WHAT TO WORK ON
The required output is the lines below from the line containing "Part model, mm, in" to the line containing "Item 2: Band-saw", inclusive, retyped exactly. No other lines belong in it.

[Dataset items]
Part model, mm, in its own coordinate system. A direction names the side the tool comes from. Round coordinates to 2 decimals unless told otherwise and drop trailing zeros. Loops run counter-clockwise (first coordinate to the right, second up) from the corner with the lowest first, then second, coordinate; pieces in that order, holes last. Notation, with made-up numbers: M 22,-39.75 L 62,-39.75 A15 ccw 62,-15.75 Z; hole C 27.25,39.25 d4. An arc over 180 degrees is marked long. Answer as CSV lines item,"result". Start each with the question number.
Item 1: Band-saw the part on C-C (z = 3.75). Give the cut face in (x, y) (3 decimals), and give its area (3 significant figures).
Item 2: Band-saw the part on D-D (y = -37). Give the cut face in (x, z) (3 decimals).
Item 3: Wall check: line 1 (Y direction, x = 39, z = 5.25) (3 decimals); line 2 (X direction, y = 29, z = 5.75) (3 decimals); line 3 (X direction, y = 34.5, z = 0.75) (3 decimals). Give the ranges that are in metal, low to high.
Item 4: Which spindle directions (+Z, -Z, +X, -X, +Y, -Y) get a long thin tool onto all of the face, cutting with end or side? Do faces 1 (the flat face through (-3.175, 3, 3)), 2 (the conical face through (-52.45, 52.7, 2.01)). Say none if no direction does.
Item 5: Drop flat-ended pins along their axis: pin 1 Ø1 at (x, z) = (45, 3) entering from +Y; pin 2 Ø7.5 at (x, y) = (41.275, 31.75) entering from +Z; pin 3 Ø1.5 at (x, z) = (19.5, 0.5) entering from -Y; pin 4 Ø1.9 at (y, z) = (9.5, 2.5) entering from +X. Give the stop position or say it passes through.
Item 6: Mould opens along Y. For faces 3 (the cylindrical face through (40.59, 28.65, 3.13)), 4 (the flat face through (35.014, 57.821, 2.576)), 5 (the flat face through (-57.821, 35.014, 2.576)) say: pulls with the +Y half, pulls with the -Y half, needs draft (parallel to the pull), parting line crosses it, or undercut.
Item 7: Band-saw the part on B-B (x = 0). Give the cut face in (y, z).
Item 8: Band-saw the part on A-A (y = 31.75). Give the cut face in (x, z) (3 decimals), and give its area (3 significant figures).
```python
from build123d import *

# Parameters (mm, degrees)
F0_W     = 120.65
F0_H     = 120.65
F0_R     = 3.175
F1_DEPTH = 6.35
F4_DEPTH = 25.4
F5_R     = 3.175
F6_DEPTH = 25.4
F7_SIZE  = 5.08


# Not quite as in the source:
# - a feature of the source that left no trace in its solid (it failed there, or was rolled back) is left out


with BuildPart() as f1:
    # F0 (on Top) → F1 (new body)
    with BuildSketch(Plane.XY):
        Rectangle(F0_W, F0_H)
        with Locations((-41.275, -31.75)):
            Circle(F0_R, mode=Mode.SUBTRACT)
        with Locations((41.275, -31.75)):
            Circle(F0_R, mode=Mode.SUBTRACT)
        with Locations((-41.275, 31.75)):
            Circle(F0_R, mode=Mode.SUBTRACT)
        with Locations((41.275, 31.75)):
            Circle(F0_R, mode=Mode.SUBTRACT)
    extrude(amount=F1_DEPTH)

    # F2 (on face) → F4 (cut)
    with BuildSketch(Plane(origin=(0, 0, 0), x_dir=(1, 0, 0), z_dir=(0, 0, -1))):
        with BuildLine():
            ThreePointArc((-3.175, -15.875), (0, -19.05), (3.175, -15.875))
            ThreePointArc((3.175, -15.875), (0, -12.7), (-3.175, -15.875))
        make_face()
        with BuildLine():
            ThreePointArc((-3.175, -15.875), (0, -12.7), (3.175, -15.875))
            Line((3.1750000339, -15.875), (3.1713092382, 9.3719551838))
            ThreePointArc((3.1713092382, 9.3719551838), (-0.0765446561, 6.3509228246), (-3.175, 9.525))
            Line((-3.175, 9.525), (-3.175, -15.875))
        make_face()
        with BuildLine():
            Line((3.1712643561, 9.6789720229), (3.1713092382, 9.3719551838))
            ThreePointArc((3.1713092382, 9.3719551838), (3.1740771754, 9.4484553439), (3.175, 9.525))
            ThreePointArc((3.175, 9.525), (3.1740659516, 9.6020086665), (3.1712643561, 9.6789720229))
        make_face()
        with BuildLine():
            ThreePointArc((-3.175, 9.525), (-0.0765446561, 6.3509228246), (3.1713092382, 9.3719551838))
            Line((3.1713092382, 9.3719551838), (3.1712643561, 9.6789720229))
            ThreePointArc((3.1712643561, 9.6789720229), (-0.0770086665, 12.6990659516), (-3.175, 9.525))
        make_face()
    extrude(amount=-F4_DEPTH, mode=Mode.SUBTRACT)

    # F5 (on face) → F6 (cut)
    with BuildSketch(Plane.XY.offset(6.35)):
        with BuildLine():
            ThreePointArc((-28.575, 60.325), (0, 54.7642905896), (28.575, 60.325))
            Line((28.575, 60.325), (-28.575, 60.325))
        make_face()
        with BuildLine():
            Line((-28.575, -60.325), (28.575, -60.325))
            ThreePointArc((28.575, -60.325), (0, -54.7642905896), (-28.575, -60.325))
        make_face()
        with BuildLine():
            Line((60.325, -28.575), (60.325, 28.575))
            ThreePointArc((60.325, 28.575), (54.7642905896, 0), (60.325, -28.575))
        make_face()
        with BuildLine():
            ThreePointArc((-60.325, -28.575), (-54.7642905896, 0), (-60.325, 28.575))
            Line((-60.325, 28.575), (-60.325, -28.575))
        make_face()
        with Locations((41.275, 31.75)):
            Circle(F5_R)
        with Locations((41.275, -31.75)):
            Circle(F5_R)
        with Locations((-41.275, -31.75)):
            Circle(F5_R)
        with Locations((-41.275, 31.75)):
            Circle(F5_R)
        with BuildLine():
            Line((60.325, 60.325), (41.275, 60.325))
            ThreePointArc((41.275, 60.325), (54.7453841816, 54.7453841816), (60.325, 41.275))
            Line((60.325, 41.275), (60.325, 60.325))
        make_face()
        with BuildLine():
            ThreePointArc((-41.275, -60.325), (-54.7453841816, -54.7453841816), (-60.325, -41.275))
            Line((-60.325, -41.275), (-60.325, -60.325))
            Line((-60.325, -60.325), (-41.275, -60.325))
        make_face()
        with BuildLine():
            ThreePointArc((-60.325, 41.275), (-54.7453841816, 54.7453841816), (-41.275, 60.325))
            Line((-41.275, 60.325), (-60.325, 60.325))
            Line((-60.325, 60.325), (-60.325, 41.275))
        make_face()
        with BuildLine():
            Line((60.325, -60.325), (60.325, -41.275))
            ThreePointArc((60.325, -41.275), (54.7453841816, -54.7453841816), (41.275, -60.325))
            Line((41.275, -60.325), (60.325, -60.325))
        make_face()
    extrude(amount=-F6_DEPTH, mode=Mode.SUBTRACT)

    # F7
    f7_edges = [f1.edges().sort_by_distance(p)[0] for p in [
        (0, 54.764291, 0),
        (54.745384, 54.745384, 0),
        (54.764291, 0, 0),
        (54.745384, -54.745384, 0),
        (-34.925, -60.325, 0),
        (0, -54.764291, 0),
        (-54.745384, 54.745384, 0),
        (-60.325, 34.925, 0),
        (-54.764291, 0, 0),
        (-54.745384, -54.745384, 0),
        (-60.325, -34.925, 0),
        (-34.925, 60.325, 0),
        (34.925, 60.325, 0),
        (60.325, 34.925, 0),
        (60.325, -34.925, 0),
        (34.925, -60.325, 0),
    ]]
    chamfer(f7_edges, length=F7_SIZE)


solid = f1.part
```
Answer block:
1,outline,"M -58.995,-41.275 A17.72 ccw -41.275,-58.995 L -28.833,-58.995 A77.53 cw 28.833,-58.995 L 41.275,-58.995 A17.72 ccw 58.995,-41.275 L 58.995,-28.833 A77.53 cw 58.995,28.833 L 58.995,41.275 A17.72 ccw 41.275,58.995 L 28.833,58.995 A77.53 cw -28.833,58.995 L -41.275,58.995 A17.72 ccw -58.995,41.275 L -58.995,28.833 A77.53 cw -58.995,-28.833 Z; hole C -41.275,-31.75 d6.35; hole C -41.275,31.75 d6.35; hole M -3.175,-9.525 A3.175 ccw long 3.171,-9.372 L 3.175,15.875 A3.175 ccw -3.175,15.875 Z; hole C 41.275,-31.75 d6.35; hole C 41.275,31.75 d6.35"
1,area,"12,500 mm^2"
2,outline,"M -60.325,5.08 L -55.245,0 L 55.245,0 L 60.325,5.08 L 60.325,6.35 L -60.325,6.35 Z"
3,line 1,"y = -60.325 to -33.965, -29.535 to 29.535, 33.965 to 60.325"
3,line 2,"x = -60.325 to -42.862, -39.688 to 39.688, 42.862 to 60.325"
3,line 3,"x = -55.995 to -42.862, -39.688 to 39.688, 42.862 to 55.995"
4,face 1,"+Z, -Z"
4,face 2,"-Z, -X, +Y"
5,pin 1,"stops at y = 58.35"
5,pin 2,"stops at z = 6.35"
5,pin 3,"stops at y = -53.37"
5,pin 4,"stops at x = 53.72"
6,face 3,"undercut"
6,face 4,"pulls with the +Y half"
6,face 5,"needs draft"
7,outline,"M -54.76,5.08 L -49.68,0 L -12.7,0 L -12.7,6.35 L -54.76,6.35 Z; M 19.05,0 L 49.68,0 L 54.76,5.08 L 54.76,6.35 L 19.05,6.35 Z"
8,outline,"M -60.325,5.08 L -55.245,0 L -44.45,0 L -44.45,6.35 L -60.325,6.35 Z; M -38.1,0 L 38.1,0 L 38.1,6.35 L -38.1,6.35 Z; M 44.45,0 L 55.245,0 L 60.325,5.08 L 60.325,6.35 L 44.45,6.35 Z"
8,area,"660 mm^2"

--

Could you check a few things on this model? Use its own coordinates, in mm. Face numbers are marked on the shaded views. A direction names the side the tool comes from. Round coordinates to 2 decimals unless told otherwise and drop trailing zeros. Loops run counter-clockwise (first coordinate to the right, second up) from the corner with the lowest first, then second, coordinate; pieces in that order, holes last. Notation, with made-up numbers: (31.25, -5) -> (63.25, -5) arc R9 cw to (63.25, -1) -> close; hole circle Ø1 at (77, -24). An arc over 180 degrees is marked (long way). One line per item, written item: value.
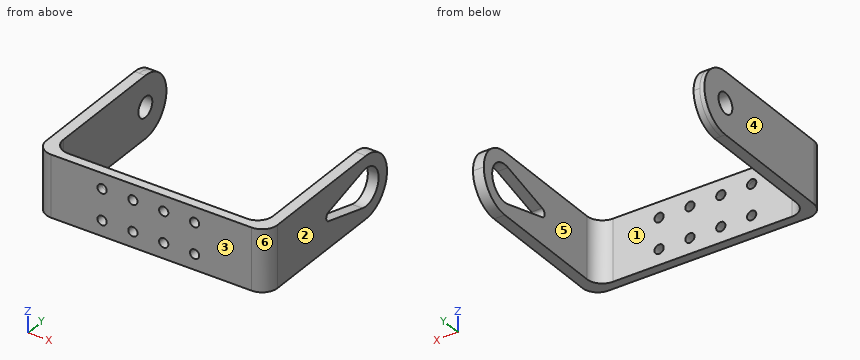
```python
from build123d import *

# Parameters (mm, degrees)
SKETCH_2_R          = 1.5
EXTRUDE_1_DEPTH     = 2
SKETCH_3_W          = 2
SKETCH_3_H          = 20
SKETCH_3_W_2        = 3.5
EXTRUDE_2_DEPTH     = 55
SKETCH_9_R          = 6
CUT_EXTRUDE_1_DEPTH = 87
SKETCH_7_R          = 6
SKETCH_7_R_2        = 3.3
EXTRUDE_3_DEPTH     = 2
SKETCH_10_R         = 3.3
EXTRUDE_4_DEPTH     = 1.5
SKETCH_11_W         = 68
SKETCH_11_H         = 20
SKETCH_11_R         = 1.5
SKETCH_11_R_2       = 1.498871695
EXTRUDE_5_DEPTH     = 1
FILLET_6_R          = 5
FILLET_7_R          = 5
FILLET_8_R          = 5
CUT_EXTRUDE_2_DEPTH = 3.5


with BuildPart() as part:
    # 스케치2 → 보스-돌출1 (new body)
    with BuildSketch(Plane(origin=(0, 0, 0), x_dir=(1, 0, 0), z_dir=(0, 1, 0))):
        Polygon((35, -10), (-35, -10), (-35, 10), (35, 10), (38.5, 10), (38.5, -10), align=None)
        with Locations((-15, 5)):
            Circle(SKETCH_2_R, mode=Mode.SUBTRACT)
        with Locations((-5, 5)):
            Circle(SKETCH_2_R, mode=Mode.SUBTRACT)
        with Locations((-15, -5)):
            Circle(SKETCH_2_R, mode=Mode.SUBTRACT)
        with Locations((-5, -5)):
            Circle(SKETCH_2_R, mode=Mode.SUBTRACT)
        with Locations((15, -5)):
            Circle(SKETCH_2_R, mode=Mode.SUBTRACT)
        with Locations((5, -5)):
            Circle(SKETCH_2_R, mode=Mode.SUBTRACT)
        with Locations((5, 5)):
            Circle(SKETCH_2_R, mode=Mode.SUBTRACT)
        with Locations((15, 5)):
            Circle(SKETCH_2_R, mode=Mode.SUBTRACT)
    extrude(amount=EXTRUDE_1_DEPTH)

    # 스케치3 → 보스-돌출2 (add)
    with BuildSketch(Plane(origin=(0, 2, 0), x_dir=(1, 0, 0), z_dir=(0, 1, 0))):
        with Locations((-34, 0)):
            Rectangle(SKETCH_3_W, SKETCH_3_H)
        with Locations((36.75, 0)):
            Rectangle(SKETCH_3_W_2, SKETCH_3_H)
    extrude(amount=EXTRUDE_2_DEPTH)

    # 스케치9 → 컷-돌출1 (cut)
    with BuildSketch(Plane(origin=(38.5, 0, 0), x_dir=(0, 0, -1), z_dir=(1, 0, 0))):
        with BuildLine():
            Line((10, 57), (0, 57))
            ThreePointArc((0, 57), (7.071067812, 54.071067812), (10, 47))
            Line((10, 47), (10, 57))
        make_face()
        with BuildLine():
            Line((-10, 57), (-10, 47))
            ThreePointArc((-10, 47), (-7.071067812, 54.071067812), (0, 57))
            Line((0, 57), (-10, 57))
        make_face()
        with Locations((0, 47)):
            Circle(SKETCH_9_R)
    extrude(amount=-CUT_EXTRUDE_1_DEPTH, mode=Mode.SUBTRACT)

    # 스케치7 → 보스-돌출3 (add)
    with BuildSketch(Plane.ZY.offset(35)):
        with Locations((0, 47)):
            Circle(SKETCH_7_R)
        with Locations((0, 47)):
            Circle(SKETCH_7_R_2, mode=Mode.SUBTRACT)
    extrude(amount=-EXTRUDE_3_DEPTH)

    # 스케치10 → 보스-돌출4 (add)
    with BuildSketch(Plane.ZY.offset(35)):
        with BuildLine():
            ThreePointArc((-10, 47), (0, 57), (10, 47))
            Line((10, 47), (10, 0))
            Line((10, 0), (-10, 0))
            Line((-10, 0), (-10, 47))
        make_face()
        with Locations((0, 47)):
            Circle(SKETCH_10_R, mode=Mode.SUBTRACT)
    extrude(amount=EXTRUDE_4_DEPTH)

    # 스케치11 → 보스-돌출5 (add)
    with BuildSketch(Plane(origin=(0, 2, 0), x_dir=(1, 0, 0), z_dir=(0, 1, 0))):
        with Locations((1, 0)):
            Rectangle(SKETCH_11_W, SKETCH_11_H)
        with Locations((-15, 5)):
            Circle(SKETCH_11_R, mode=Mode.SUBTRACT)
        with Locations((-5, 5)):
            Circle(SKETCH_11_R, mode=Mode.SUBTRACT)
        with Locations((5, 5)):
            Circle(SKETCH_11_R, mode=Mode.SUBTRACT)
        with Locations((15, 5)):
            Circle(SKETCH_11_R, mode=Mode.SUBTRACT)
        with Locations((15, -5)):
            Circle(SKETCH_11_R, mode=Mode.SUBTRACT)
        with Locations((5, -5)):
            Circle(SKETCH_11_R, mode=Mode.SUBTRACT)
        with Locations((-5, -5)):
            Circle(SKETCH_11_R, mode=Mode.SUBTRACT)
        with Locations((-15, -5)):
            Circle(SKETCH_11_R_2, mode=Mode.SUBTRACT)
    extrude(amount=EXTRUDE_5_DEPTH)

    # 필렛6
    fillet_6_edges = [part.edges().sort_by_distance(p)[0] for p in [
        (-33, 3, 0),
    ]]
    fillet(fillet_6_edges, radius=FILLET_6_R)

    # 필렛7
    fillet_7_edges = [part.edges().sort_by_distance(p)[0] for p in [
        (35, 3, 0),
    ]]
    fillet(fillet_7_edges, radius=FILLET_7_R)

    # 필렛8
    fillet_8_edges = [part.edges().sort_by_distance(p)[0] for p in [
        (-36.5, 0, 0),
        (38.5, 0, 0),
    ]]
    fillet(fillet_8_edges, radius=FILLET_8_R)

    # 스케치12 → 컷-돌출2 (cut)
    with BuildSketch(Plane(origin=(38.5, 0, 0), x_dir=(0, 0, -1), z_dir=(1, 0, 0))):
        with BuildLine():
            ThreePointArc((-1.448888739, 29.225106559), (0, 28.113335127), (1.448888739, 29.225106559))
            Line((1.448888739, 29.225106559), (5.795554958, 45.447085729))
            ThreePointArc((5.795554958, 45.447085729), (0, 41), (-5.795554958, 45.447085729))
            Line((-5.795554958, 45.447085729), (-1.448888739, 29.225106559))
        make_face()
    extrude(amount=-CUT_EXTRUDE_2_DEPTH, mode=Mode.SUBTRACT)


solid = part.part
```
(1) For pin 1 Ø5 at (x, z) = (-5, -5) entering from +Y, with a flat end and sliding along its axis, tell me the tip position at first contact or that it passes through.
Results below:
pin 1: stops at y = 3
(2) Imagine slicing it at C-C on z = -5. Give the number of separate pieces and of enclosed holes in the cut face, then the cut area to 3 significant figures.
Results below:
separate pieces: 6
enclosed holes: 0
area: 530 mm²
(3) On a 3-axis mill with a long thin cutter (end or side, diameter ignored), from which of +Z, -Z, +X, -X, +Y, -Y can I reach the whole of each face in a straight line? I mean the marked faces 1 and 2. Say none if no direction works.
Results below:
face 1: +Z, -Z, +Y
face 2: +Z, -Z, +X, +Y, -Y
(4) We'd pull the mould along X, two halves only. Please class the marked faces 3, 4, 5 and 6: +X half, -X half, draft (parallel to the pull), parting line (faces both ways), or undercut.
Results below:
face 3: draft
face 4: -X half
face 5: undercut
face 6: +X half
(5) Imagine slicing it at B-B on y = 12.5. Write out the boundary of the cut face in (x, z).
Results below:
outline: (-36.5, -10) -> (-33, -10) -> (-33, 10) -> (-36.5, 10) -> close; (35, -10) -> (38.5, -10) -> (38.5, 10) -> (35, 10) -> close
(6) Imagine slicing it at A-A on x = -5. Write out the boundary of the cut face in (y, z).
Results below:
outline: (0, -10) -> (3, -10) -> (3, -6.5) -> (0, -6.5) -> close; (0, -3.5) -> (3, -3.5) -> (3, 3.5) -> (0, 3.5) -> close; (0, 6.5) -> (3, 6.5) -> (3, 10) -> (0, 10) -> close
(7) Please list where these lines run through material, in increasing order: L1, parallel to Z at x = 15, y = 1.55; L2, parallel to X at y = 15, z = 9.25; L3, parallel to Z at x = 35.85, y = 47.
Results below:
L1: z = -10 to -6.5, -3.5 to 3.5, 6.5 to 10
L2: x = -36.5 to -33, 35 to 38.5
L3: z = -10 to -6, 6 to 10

==

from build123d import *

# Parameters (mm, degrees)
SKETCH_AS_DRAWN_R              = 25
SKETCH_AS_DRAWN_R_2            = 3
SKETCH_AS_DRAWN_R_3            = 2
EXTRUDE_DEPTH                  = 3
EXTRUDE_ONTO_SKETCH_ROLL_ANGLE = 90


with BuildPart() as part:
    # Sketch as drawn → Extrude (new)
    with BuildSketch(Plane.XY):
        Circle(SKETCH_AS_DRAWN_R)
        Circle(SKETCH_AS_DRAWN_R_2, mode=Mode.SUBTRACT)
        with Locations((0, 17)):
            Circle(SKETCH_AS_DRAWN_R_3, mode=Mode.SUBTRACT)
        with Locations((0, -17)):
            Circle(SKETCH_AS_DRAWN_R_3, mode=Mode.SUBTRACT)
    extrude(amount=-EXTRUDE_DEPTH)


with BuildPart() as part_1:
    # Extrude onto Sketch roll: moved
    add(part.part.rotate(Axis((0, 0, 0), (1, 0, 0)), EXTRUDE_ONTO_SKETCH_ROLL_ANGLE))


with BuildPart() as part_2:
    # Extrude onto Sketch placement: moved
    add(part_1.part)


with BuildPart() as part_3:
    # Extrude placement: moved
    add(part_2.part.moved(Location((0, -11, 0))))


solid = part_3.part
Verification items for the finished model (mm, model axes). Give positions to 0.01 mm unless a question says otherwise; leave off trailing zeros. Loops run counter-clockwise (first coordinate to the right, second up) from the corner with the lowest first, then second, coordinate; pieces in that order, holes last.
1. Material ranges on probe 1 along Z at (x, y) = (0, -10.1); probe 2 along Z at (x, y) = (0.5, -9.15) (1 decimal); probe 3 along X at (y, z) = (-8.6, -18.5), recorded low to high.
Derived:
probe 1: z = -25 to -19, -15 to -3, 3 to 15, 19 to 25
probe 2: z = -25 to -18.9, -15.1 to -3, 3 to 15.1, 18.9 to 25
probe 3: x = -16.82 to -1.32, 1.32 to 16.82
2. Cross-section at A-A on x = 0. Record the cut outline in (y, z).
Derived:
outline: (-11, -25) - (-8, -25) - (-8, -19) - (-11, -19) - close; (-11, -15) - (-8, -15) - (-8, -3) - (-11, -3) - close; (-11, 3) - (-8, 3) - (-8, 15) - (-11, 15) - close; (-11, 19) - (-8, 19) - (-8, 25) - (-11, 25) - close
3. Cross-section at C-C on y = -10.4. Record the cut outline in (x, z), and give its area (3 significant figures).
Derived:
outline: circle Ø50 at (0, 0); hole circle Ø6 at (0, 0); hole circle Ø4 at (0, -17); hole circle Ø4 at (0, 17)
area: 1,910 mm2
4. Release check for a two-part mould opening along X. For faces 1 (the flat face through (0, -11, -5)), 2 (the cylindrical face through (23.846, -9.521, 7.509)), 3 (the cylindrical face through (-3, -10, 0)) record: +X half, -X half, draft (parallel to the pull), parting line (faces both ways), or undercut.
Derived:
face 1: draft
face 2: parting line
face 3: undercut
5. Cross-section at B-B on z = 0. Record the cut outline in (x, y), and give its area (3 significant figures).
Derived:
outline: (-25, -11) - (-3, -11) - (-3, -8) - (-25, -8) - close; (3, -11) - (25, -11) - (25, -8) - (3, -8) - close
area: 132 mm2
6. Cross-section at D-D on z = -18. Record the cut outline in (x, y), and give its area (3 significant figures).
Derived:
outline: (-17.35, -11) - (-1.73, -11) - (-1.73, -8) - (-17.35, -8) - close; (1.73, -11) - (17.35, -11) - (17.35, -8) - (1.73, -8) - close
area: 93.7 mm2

EXERCISE RESPONSE
Part model, mm, in its own coordinate system. A direction names the side the tool comes from. Round coordinates to 2 decimals unless told otherwise and drop trailing zeros. Loops run counter-clockwise (first coordinate to the right, second up) from the corner with the lowest first, then second, coordinate; pieces in that order, holes last. Notation, with made-up numbers: M 22,-39.75 L 62,-39.75 A15 ccw 62,-15.75 Z; hole C 27.25,39.25 d4. An arc over 180 degrees is marked long. Answer as CSV lines item,"result". Start each with the question number.
Item 1: Band-saw the part on C-C (z = 3.75). Give the cut face in (x, y) (3 decimals), and give its area (3 significant figures).
Item 2: Band-saw the part on D-D (y = -37). Give the cut face in (x, z) (3 decimals).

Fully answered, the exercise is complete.